Desde 1984
Alessandra Telles
19 de Fevereiro de 2021
A pandemia e suas máscaras

Ok, o assunto é recorrente, estamos cansados, chegamos a encolher os dedos dos pés quando ouvimos sobre Covid-19. Saturados, esse é o termo. No início fiquei em câmera lenta, sem entender muito a imensidão do problema. Depois surtei, com crises de pânico, ansiedade e medo. Não fui a única, estou certa disso. Aí veio a loucura das aulas online (como aprendemos a valorizar mais os professores, certo?).

E o home office. Ah ... o sonhado home office. Esse sim foi um grande desafio, exige disciplina e foco, senão terminamos o dia com aquela sensação de ter feito muito e não ter entregue nada.
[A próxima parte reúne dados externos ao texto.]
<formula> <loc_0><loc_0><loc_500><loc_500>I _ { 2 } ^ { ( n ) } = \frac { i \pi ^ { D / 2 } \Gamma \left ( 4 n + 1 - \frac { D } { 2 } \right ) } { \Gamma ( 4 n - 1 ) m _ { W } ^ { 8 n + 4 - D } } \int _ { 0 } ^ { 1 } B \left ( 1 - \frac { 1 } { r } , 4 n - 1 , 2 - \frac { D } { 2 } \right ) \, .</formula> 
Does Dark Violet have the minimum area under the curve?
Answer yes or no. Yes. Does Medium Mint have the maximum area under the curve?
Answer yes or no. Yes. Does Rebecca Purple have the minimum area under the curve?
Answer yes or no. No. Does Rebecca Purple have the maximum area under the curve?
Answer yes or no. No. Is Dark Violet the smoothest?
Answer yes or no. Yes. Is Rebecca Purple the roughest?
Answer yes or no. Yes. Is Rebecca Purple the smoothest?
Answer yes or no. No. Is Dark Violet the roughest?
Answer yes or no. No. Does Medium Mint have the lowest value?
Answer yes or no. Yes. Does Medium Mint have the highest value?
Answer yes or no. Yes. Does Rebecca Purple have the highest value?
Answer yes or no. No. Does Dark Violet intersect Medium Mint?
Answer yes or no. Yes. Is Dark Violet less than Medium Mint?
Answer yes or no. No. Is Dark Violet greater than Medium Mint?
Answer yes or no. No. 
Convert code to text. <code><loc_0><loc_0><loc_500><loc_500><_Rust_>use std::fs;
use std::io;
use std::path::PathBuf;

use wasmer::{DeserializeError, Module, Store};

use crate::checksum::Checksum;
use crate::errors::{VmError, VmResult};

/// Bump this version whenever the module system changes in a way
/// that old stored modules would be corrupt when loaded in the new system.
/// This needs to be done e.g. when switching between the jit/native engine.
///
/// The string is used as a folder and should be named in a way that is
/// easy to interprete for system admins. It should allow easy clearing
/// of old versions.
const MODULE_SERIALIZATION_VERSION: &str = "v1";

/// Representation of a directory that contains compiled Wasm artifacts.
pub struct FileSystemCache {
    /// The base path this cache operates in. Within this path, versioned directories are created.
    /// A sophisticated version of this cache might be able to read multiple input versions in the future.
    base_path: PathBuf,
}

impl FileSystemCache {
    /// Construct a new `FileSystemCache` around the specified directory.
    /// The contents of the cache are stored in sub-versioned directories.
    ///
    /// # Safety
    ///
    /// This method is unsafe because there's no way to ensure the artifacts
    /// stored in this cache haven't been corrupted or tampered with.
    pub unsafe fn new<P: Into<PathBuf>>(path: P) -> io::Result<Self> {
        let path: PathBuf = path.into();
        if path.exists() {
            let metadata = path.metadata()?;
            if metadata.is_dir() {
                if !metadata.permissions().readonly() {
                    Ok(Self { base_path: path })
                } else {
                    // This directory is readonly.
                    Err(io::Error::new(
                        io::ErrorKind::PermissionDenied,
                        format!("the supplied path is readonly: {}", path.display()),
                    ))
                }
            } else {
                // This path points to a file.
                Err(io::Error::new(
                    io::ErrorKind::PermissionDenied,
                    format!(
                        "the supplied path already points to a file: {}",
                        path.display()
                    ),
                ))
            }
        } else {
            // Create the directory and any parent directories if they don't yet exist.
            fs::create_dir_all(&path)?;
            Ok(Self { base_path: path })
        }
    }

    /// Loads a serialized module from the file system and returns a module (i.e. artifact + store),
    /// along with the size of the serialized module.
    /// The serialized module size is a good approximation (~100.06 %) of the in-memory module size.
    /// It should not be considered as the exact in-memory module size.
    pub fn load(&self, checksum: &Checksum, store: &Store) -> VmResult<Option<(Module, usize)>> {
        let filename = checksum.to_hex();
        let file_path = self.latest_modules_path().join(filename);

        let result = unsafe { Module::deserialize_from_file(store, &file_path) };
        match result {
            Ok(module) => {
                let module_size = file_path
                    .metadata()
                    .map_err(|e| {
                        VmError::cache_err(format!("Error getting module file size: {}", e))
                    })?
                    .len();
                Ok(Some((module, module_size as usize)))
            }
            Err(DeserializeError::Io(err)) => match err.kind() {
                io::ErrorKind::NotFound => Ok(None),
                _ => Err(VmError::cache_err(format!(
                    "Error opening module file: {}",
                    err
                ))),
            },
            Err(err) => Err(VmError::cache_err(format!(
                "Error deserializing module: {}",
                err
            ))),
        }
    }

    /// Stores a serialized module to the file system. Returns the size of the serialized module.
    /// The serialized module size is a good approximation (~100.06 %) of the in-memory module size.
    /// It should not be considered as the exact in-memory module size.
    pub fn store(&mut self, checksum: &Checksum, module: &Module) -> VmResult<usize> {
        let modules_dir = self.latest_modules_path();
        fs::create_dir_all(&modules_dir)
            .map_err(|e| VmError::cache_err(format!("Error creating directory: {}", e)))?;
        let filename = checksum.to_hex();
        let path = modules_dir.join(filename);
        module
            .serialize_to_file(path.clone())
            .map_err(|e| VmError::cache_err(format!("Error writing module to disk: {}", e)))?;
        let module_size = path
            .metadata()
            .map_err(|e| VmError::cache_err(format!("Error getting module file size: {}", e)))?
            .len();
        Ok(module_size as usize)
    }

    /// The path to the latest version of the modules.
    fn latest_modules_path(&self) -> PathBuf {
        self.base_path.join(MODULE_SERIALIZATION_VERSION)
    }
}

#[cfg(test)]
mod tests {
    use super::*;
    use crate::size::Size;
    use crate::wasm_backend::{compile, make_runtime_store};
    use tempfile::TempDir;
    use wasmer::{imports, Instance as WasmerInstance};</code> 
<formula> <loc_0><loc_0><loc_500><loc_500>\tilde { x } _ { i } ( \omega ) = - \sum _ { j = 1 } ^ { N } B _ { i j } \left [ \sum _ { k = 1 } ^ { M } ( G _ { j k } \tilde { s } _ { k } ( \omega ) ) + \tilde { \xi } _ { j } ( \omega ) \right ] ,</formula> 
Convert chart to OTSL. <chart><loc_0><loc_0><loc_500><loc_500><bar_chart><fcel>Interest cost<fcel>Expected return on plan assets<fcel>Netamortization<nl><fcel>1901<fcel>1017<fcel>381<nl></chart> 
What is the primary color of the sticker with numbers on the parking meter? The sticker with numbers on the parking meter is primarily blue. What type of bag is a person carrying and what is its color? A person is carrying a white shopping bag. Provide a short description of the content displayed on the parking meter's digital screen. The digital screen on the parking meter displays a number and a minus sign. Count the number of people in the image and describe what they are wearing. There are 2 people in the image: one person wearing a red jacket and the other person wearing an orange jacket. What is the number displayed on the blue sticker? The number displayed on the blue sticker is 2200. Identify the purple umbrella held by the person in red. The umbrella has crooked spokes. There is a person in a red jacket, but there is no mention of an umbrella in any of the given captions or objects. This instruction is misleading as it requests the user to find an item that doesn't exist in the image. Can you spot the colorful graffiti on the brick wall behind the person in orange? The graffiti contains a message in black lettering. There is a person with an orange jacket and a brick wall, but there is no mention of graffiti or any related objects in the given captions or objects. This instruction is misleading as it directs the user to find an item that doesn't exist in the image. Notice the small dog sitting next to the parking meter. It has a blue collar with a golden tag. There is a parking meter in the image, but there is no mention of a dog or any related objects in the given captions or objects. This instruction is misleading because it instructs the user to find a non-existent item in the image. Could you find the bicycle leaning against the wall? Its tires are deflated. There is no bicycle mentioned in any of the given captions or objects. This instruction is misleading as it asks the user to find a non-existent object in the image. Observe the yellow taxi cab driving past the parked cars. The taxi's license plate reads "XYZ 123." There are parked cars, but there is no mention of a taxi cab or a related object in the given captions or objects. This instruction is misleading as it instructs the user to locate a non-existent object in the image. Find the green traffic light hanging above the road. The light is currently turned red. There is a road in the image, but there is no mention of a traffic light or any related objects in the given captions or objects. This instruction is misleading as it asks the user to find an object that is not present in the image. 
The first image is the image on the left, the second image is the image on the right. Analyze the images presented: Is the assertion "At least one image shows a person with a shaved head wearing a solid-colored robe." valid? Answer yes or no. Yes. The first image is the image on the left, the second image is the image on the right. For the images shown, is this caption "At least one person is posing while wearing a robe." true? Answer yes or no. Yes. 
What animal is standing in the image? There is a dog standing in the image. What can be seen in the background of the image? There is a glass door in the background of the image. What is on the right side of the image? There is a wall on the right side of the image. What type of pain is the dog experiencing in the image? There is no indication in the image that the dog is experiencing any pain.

Aos solavancos, o cenário foi desanuviando. Penso que de alguma forma, aprendemos muito. Foi necessária uma mega pandemia para nos ensinar sobre responsabilidade social, altruísmo e o quanto estamos propensos aos adventos externos, entendemos mais sobre fragilidade.

Precisou de uma mega pandemia para valorizarmos o coletivo, buscar autoconhecimento e ressignificarmos atitudes. Já se perguntaram porque as crianças são imunes? No meu ponto de vista, diante de toda a inocência, elas enxergam todos como iguais.

Nunca fui a pessoa mais adepta aos shoppings, mas depois de meses de isolamento social, decidi dar uma volta. Queria comer um prato específico, de um restaurante específico, que só tem em um shopping específico.

Parecia que estava em outra dimensão. O lugar estava escuro, vazio. Sem aquele tanto de gente tropeçando nas escadas rolantes, sem filas para o sorvete, sem fila para o cinema, o elevador chegava no momento que acionava. Saudade de pagar uma fortuna no ingresso do cinema, e outra maior ainda pela pipoca salgada.

O dono do restaurante, os garçons, a moça da balança, todos fazendo aquele esforço para serem simpáticos, com aquele olhar de “não posso perder esse cliente”. Olhei para o arroz com lentilha e mesmo já tendo passado o Ano Novo, pensei: tomara que esse arroz com lentilha traga mesmo, muita prosperidade. Quantos perderam seu sustento? A comida ficou sem gosto, o quente ficou frio. 

A boa notícia diante disso tudo é que a vacina chegou ao Brasil e seguindo o plano de imunização. Antes tarde do que nunca. Que a distribuição equitativa seja respeitada, sem fura-filas, nada de jeitinho brasileiro. Prioritário é prioritário. Não tem meio termo. Não é sobre quem tem mais ou menos dinheiro para pagar pelo imunizante, é sobre quem está sendo mais afetado. Não cabe neste momento aumentar ainda mais o distanciamento social. 

Só para concluir, a pandemia não acabou, “estamos cansados do vírus, mas o vírus não se cansou da gente”. A máscara não dá superpoderes, como se fosse uma capa de Superman. Estou com a máscara e nada vai me atingir, não funciona assim... a máscara ajuda muito, porém é parte da equação: manter o distanciamento social e lavar as mãos ou usar álcool em gel constantemente. E mesmo fazendo tudo isso, esse inimigo invisível não escolhe sua vítima.

Agradeço de coração a todos que se empenham, profissionais da saúde, professores, cientistas, a lista é longa. O texto foi mais sério, como exige o assunto. Realmente a Covid está bem pertinho, algo que começou lá do outro lado do mundo está aqui, batendo à nossa porta.